# freebsd-update 7.0 to 7.1



## formaltux (Mar 25, 2009)

freebsd-update wants to merge /etc/hosts, answering 'n' to this: 'Does this look reasonable (y/n)?' question will abort the freebsd-update process, what? Also i'm a dumbass can someone explain how is manual merge done using vi?


Thanks.


----------



## CrazyFingers (Mar 25, 2009)

Similar issue here, doing freebsd-update from 7.0 to 7.1, the update process would whine about not being able to merge /etc/hosts and open vi to manually merge.  I am not a vi user, so this was a confusing pain.  I ended up just entering "ZZ" and then [enter], which closed vi and continued along.  When it was finished I did freebsd-update install, and it installed everything, and on a reboot it was FreeBSD 7.1-RELEASE-p4, happy happy.
However, my hosts file had a bunch of extra crap in it that I had to delete, but it didn't seem to break anything.
The section of the handbook that covers freebsd-update bumping to newer versions of the OS is a bit vague on this part of the upgrade process.


----------



## tangram (Mar 25, 2009)

Not using freebsd-update lately so don't recall how to deal with merges.

However if it's /etc/hosts simply don't update it.

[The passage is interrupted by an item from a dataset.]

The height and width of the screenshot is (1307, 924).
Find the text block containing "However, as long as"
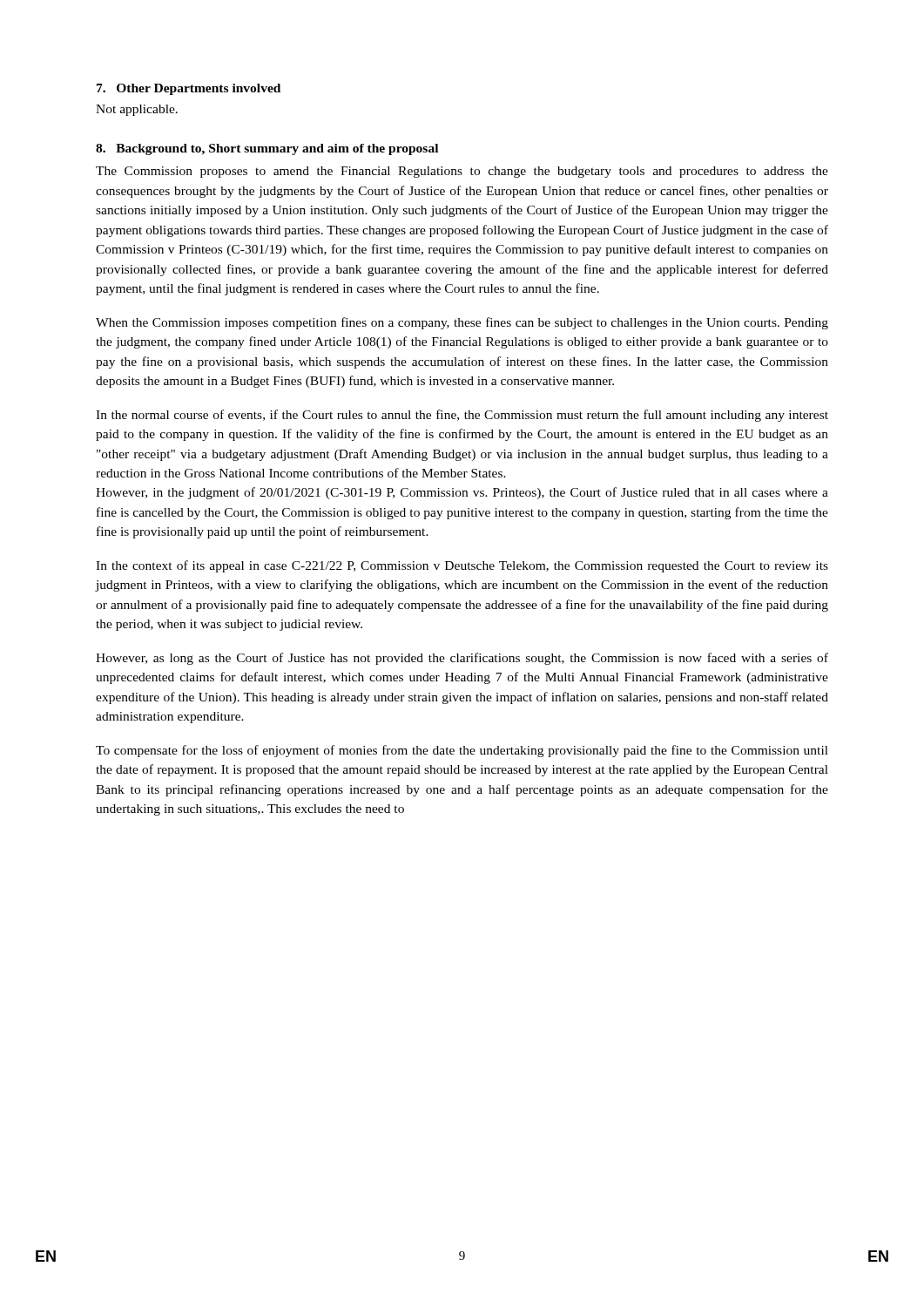click(462, 687)

Only ident information changes and it will try to remove your customizations to the file.


----------



## formaltux (Mar 25, 2009)

Ok, figured this one out.

When freebsd-update tells you that it was unable to merge the given file automatically, you press Enter and then vi editor starts up. It will look similar to this: 

http://pastebin.com/m2d366a61

In my case I wanted to keep my original /etc/hosts intact, so I deleted lines: 1 and everything after line 5 (5 included).

After that command :wq! saved the file and quit vi.  .. on to the next file.

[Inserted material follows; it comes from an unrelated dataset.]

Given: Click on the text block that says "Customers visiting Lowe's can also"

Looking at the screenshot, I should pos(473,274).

After all the files which freebsd-update wasn't able to merge automatically comes section witch automatic merges. freebsd-update will show you the file, lines prefixed with '-' are going to be removed and lines prefixed with '+' are going to be added.
If you are happy with the -/+ for given file then just answer 'Y'.

Quick vi howto:

 - There are two modes, insert mode and command mode,
   into insert mode you go by pressing key: i
   to go back to command mode you pres ESC.

 - To delete the line in vi, go to command mode
   go to desired line with the cursor and press: dd

 - To delete a single character in command mode press: x
   (cursor should be on that character)

 - To replace single character in command mode press: r
   and then type new character

 - some navigation(in command mode):
     Next Page     = CTRL + f
     Previous Page = CTRL + b 

 - To exit vi and save changes(in command mode) type:  :wq!

 - To exit vi without saving changes(in command mode) type:  :q!


----------



## SirDice (Mar 26, 2009)

formaltux said:
			
		

> - To exit vi and save changes(in command mode) type:  :wq!


Just <ESC>:wq will do fine. No need to force a quit.


----------